David Lane Tynes Sr.

Profile
- Positions: Fullback, halfback

Personal information
- Born: February 26, 1902 Cooper, Texas
- Died: November 28, 1984 (aged 82) Anchorage, Kentucky
- Listed height: 6 ft 0 in (1.83 m)
- Listed weight: 185 lb (84 kg)

Career information
- High school: Cooper (TX)
- College: Texas

Career history
- Columbus Tigers (1924–1925);

Awards and highlights
- Second-team All-Pro (1925);
- Stats at Pro Football Reference

= David Lane Tynes =

American football player (1902–1984)

David Lane Tynes Sr. (February 26, 1902 – November 28, 1984), sometimes known by the nickname "Buddy", was an American football player and medical insurance executive.

Tynes was born in 1902 in Paris, Texas. He attended Cooper High School in Texas.

Tynes played college football for Texas from 1920 to 1923. He was the captain of the undefeated 1923 Texas Longhorns football team.

Tynes also played professional football in the National Football League (NFL) as a fullback and halfback for the Columbus Tigers in 1924 and 1925. He was selected as a second-team halfback on the 1925 All-Pro Team.

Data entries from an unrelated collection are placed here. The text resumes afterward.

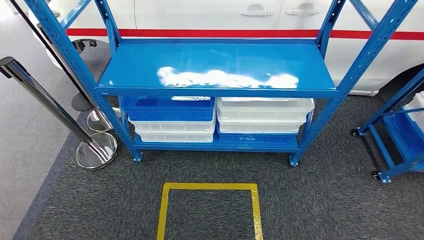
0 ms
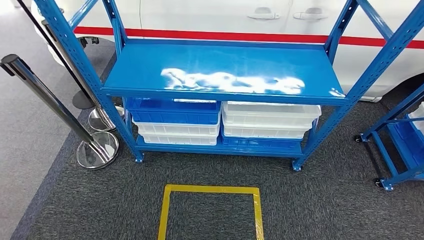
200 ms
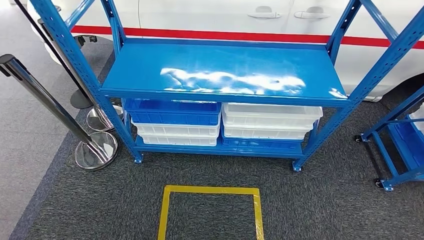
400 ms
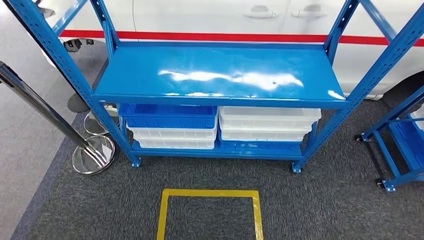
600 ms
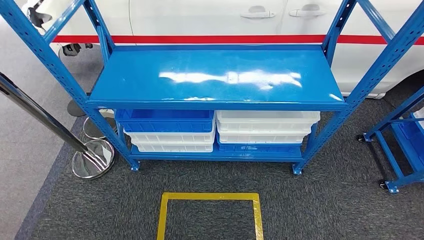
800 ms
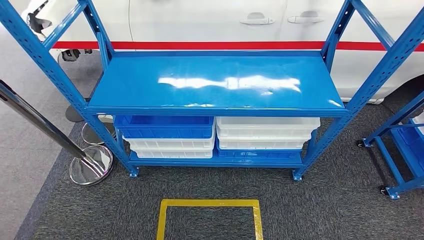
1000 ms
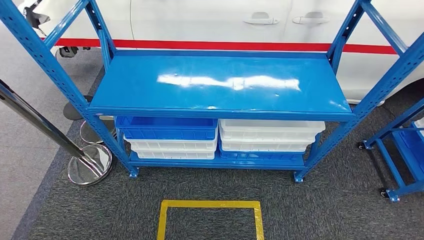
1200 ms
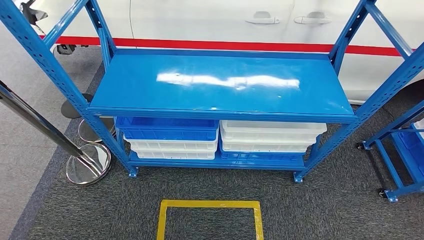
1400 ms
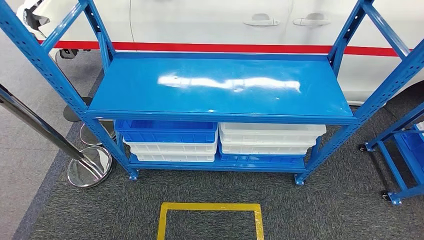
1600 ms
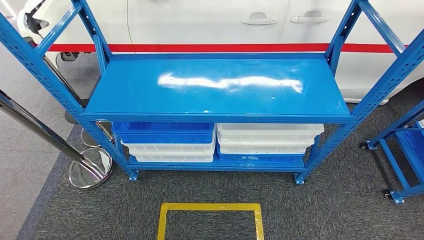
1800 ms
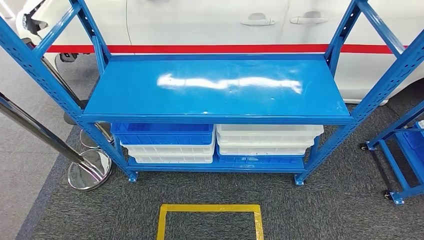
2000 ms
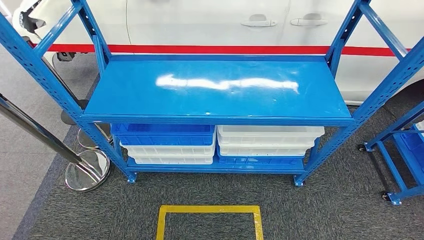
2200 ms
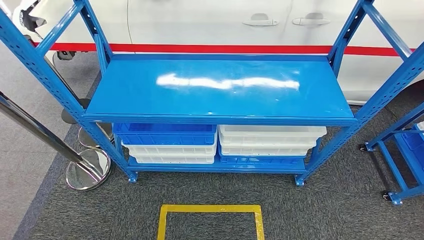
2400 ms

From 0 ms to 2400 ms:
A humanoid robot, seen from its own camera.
Step, from 0 ms to 2400 ms: Return to the initial position at the shelf.

After his playing career ended, Tynes moved to Ashland, Kentucky. He was admitted to the Kentucky bar in 1928. He founded the Kentucky Blue Cross insurance program in 1936. He also helped orgnize Kentucky's Blue Shield program in 1948. Tyne was the company's president. Under his leadership, the company grew to more than one million subscribers in Kentucky.

Tynes was married to Corrine Koellein. They had a son, David Lane Tynes Jr. Tynes died in 1984 at age 82 at his home in Anchorage, Kentucky.